Segment Open
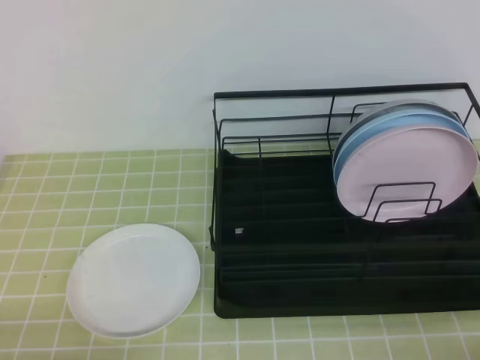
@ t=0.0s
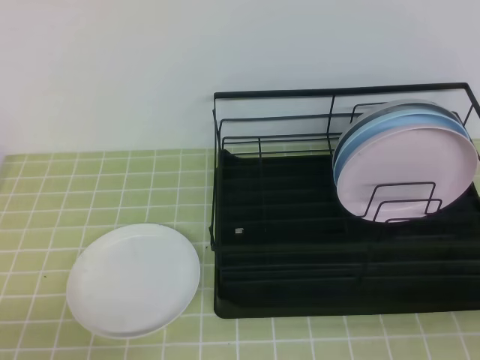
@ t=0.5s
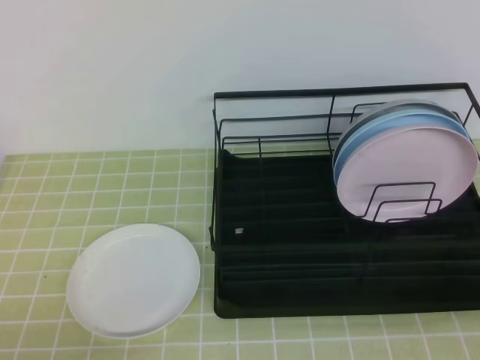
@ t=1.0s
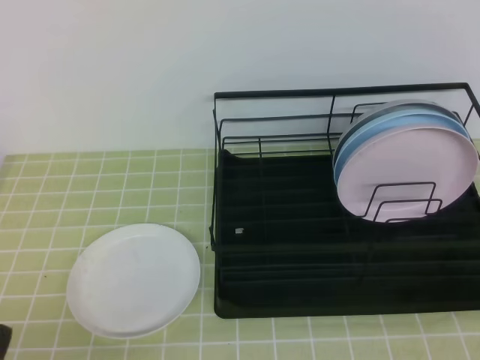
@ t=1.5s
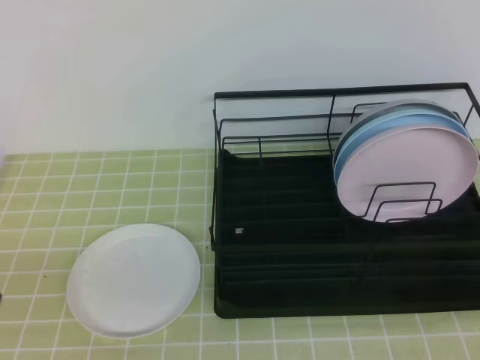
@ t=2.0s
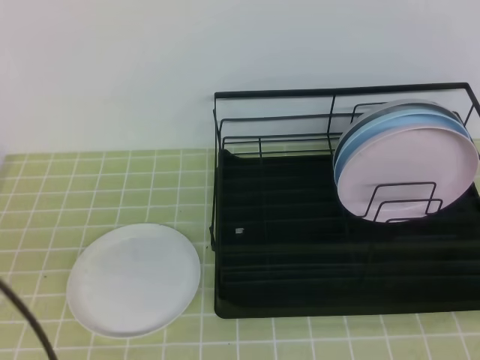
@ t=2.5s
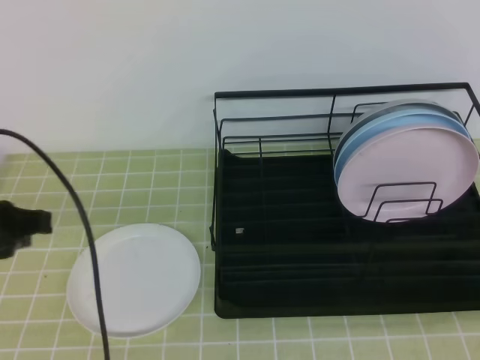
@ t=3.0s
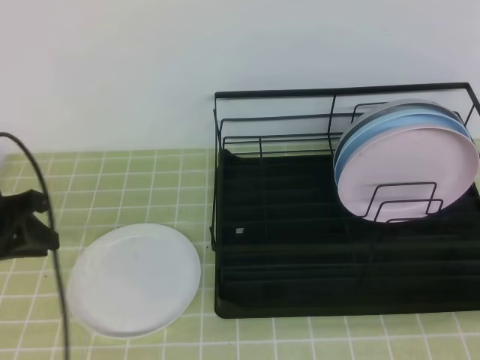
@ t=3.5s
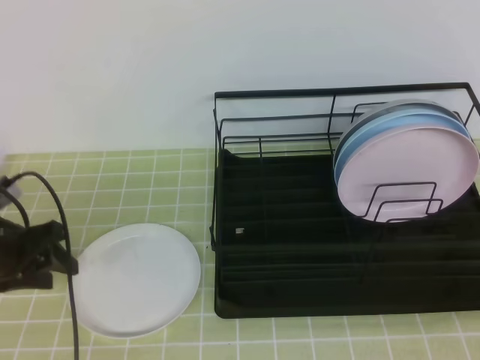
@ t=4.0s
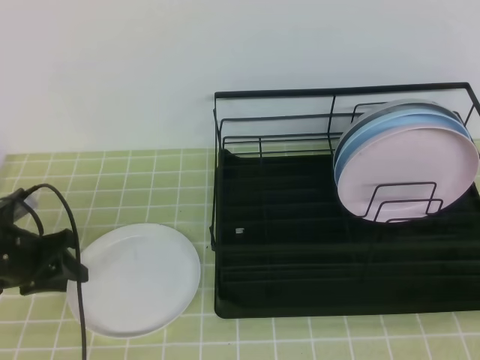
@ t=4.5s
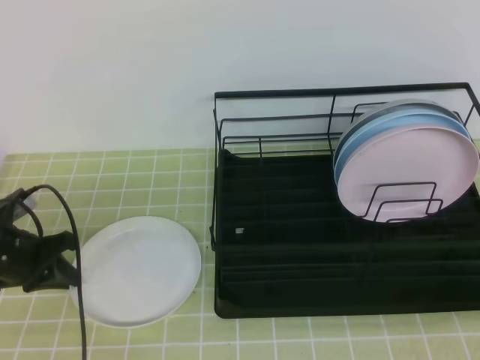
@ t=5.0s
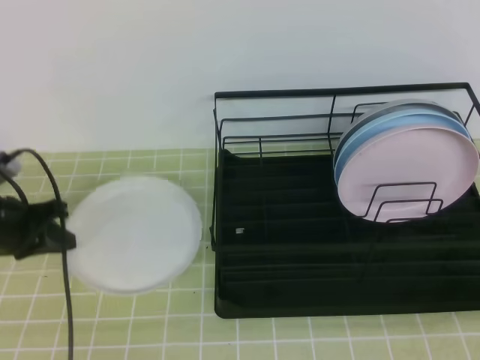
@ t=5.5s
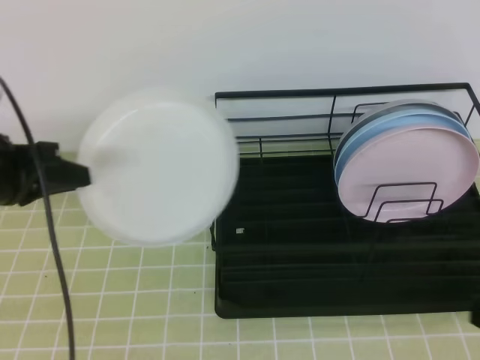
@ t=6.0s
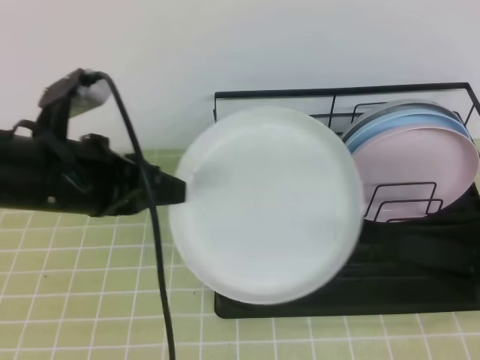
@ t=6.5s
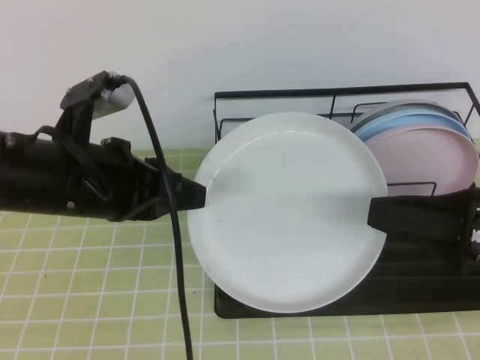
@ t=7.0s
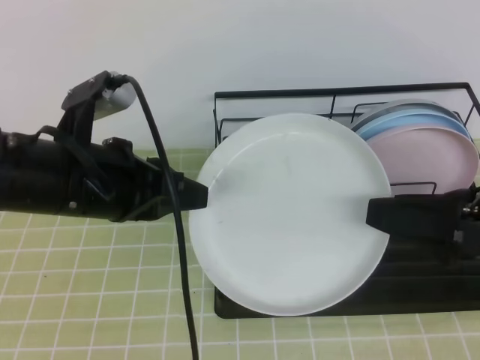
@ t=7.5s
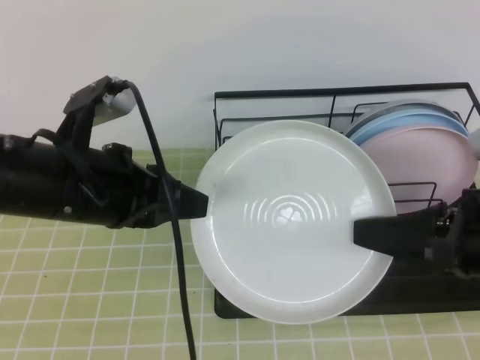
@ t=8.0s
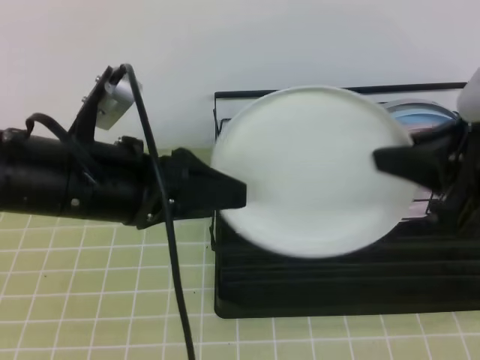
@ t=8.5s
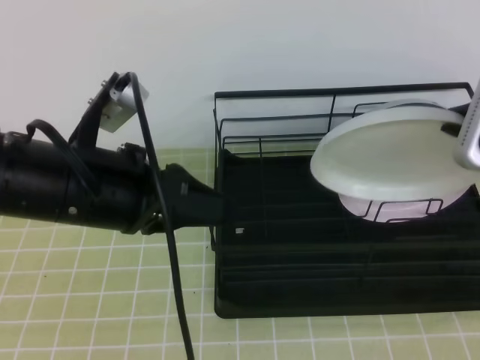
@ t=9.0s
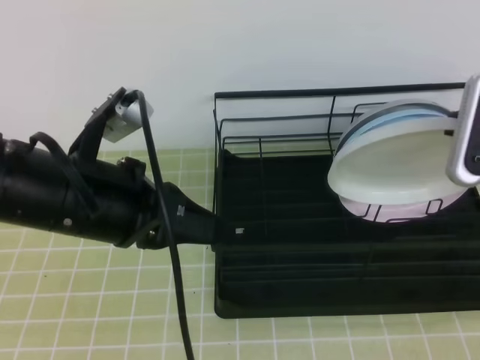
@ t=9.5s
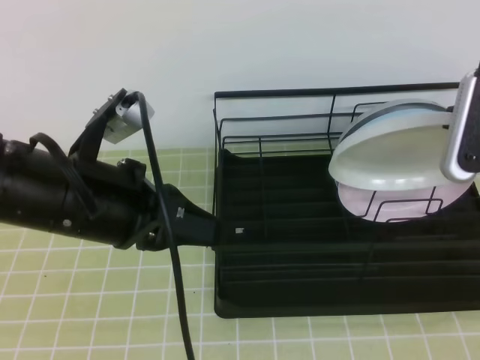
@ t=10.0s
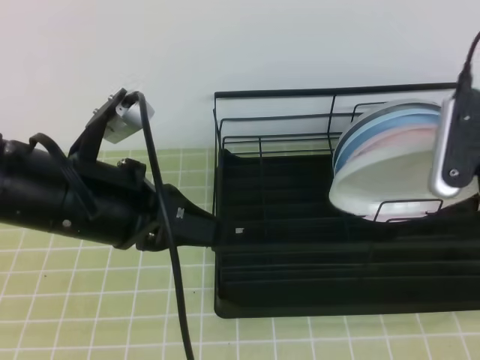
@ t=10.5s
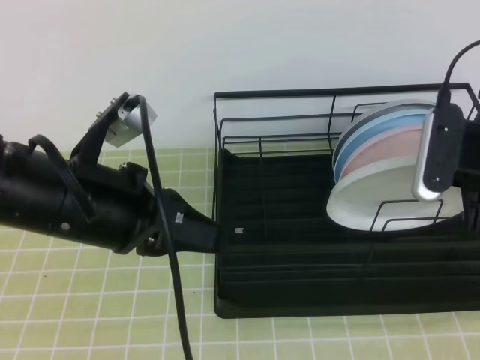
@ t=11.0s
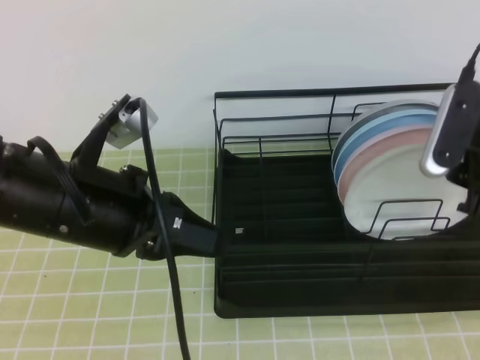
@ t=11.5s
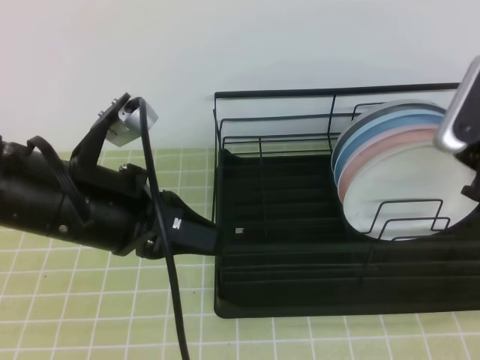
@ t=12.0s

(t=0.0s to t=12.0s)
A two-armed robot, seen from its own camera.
t=2.0s - t=4.0s: The left gripper travels forward by roughly 25 cm, and opens its fingers.
t=4.0s - t=6.0s: The left gripper is displaced upward and to the right by roughly 10 cm, and closes up.
t=6.0s - t=8.0s: The right gripper moves forward, some 10 cm, and opens, then closes again. The left gripper heads to the right and backward, covering some 15 cm.
t=8.0s - t=10.0s: The right gripper moves forward, approximately 5 cm, while the left gripper opens, then closes once more.
t=10.0s - t=12.0s: The right gripper opens up.
Segment Closed
» **Assignment**
Set the entries down exactly, but not the pictures.

» **Task answer**
@ t=0.0s
@ t=0.5s
@ t=1.0s
@ t=1.5s
@ t=2.0s
@ t=2.5s
@ t=3.0s
@ t=3.5s
@ t=4.0s
@ t=4.5s
@ t=5.0s
@ t=5.5s
@ t=6.0s
@ t=6.5s
@ t=7.0s
@ t=7.5s
@ t=8.0s
@ t=8.5s
@ t=9.0s
@ t=9.5s
@ t=10.0s
@ t=10.5s
@ t=11.0s
@ t=11.5s
@ t=12.0s

(t=0.0s to t=12.0s)
A two-armed robot, seen from its own camera.
t=2.0s - t=4.0s: The left gripper travels forward by roughly 25 cm, and opens its fingers.
t=4.0s - t=6.0s: The left gripper is displaced upward and to the right by roughly 10 cm, and closes up.
t=6.0s - t=8.0s: The right gripper moves forward, some 10 cm, and opens, then closes again. The left gripper heads to the right and backward, covering some 15 cm.
t=8.0s - t=10.0s: The right gripper moves forward, approximately 5 cm, while the left gripper opens, then closes once more.
t=10.0s - t=12.0s: The right gripper opens up.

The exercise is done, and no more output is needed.